By MICHAEL HOWARD SAUL
July 14, 2011
Original Available Here

Citing free-speech rights, a federal judge blocked a city law requiring emergency-pregnancy centers to disclose that they don't offer abortion services.

The law scheduled to take effect Thursday poses a significant threat to abortion opponents' First Amendment rights, U.S. District Judge William H. Pauley III said in a sweeping 22-page ruling Wednesday that imposed a preliminary injunction. The city plans to appeal.

The judge questioned the legality of a law that City Council Speaker Christine Quinn had heralded as a consumer-protection measure designed to set strict disclosure requirements at centers that she and others said deceive women into believing they are full-service reproductive-health facilities. Mayor Michael Bloomberg signed the measure four months ago.

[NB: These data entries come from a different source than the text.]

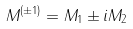Convert formula to latex. <formula><loc_0><loc_0><loc_500><loc_500>M ^ { ( \pm 1 ) } = M _ { 1 } \pm i M _ { 2 }</formula> 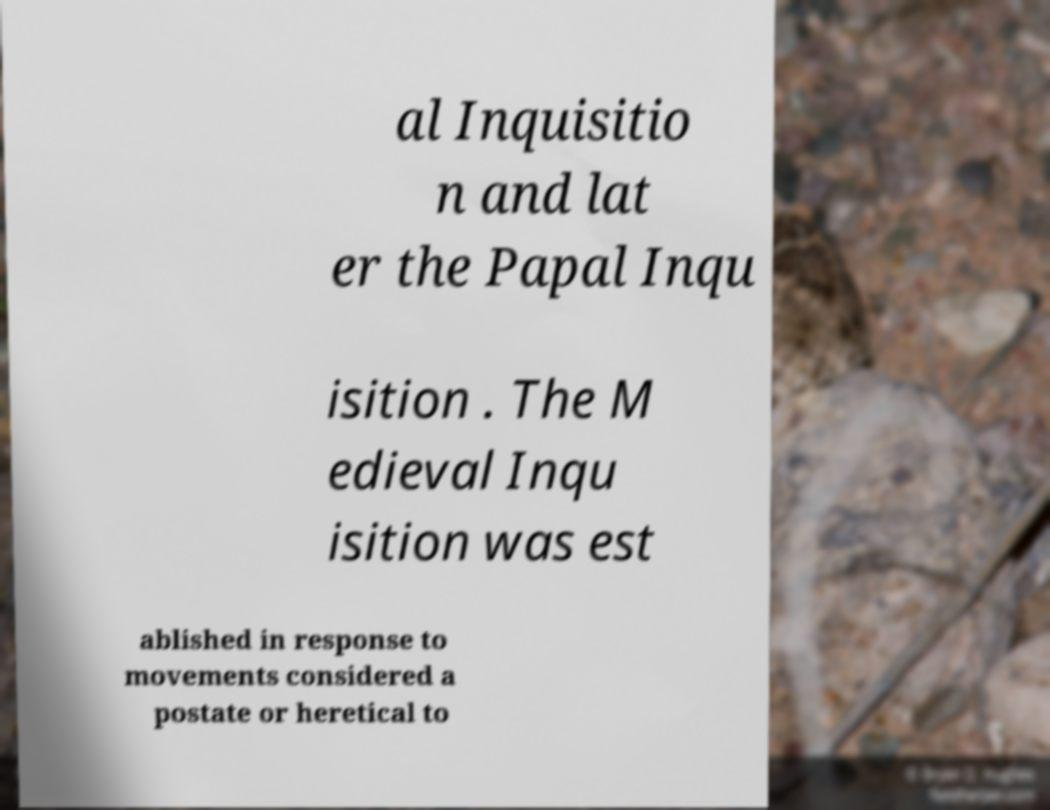There's text embedded in this image that I need extracted. Can you transcribe it verbatim? al Inquisitio n and lat er the Papal Inqu isition . The M edieval Inqu isition was est ablished in response to movements considered a postate or heretical to 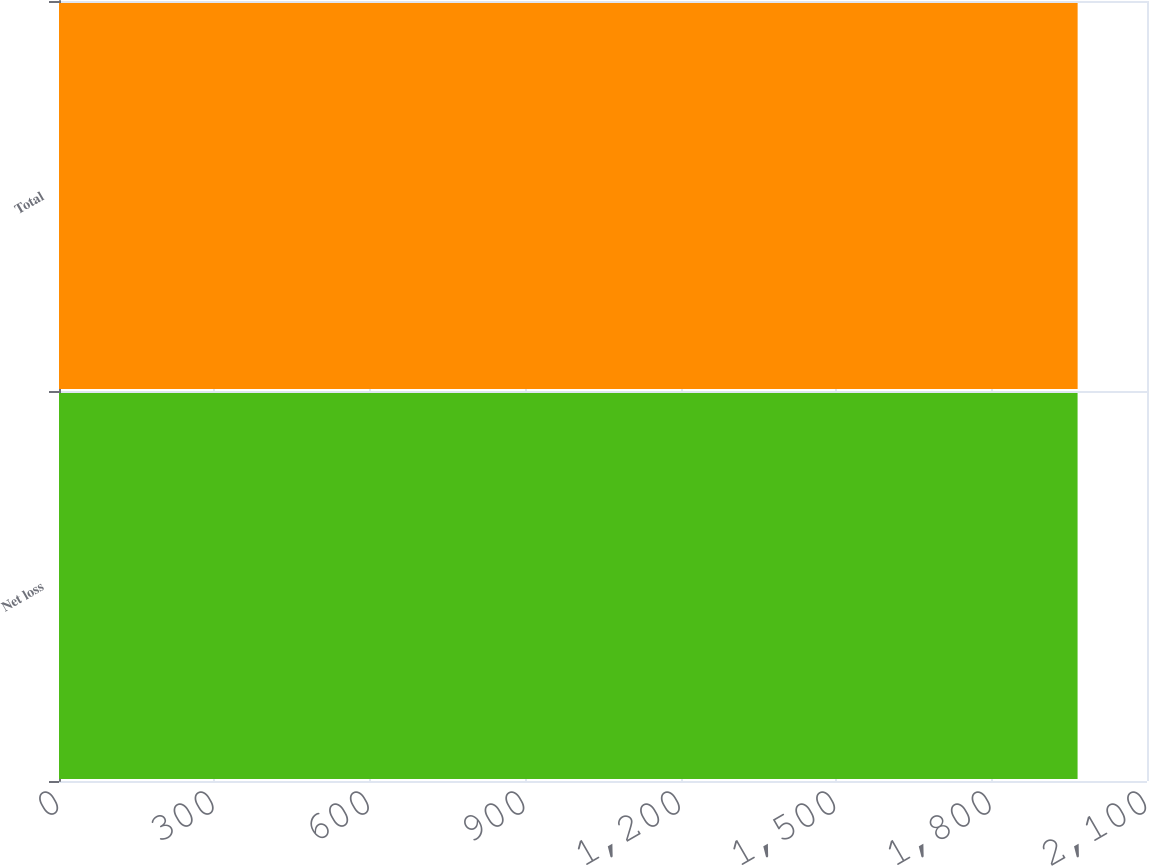<chart> <loc_0><loc_0><loc_500><loc_500><bar_chart><fcel>Net loss<fcel>Total<nl><fcel>1966<fcel>1966.1<nl></chart>

The ruling follows two others in Maryland that found legal problems with similar ordinances.

The law requires all pregnancy services centers to disclose whether they provide abortions, emergency contraception and prenatal care, or make referrals to organizations that do. The information would have to be posted in English and Spanish at the centers and in ads.

Opponents of abortion rights said requiring them to post a sign about abortions in their facilities violates their free-speech rights.

"We're absolutely, completely vindicated" by the judge's ruling, said Chris Slattery, president of Expectant Mother Care Frontline Pregnancy Centers, one of the plaintiffs in the case.

"They just threw out the First Amendment on the altar of the abortion industry," he said, referring to city lawmakers.

Ms. Quinn, a Manhattan Democrat, called the judge's ruling "deeply disappointing," "wholly unacceptable" and a "disservice to women."

Council Member Jessica Lappin, the legislation's lead sponsor, said the "judge got it wrong."

A spokeswoman for Mr. Bloomberg declined to comment about the decision.

In March, Mr. Bloomberg said he had a clear conscience when he signed the legislation into law, but he voiced uncertainty about whether the law would survive a legal challenge.

"You can challenge it in court," he told abortion opponents. "If it's constitutional or not, I just don't know."